▶

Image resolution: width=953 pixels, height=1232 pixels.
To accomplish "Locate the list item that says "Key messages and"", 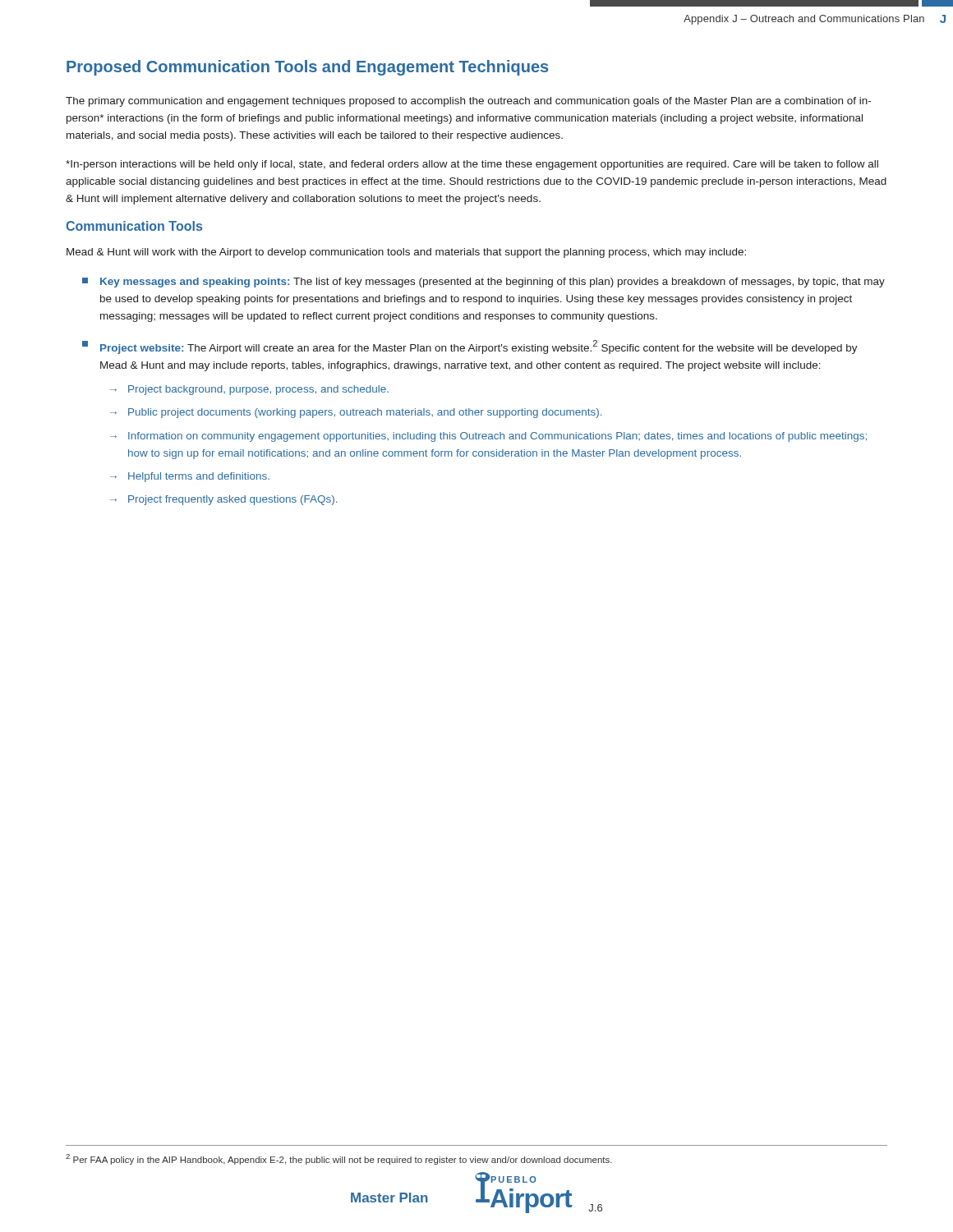I will 485,300.
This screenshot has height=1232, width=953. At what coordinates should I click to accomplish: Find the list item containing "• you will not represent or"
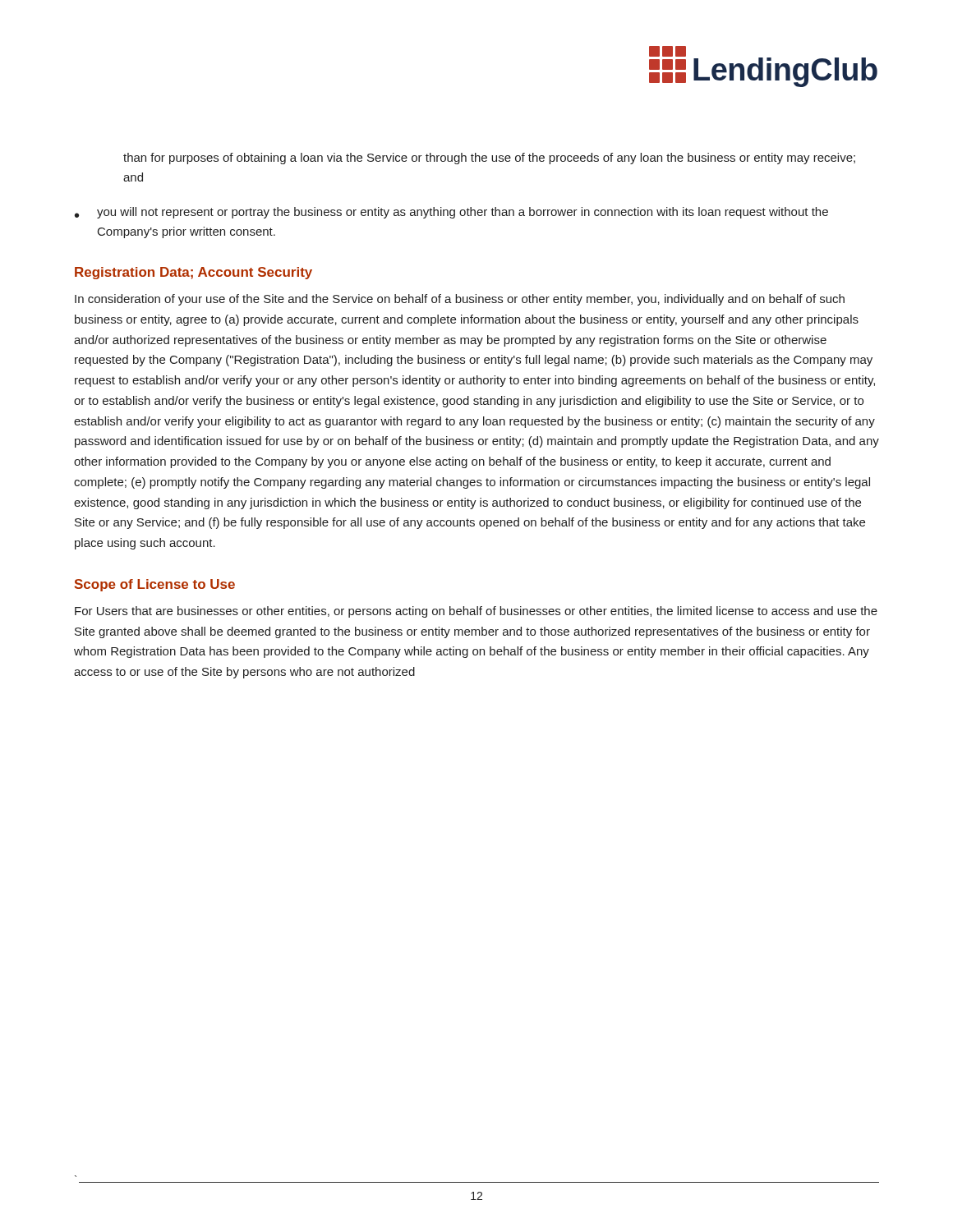pyautogui.click(x=476, y=222)
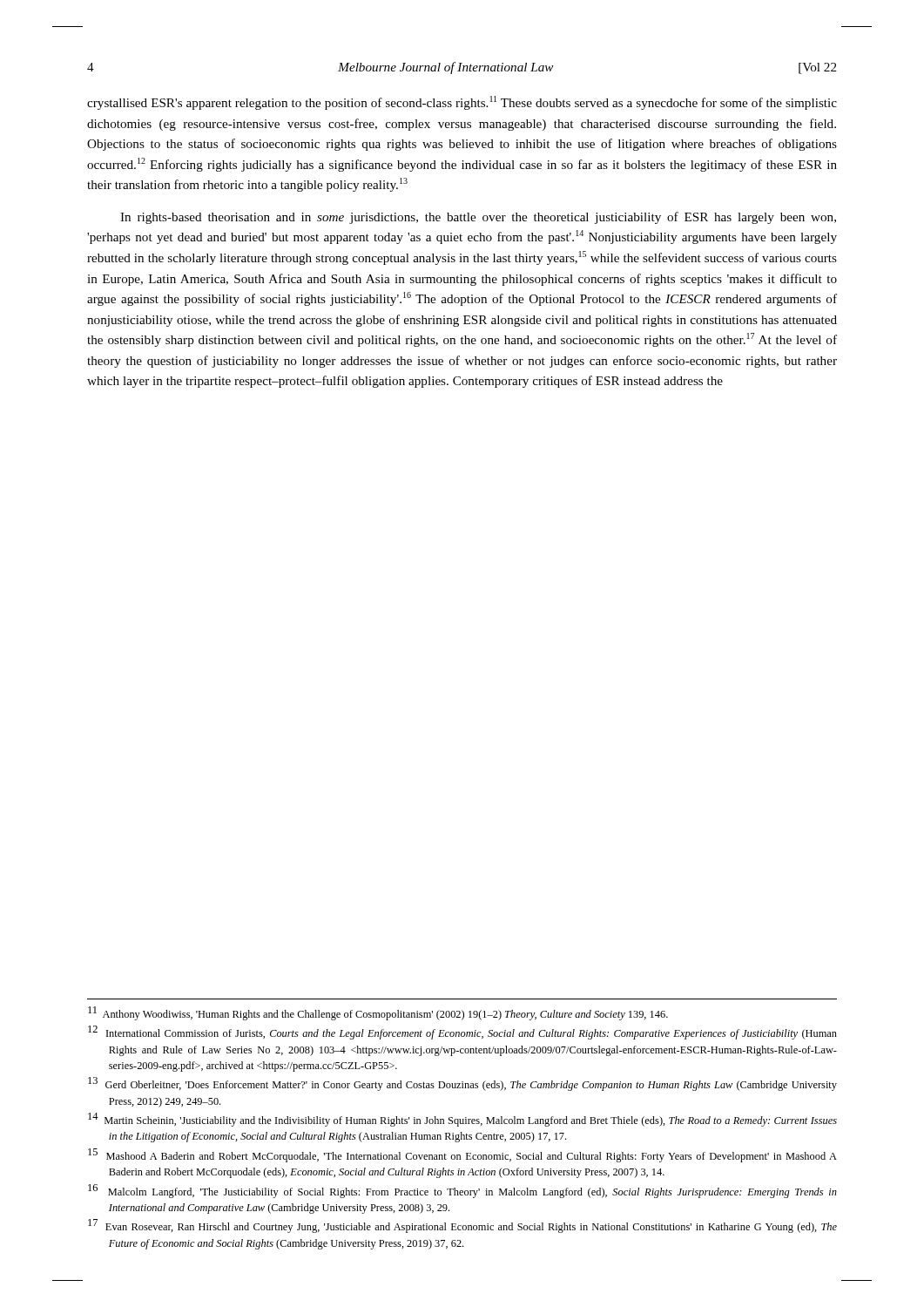The height and width of the screenshot is (1307, 924).
Task: Locate the passage starting "15 Mashood A Baderin"
Action: tap(462, 1163)

◀

● Aim of the exercise
From the line containing "This screenshot has" down to the last line of the data above, transcribe exactly those lines and no others; omit the pictures.

● Solution to the problem
This screenshot has height=1232, width=953. At what coordinates should I click to accomplish: Find the list item containing "• you will not represent or"
pyautogui.click(x=476, y=222)
The height and width of the screenshot is (1307, 924).
Task: Locate the passage starting "15 Mashood A Baderin"
Action: tap(462, 1163)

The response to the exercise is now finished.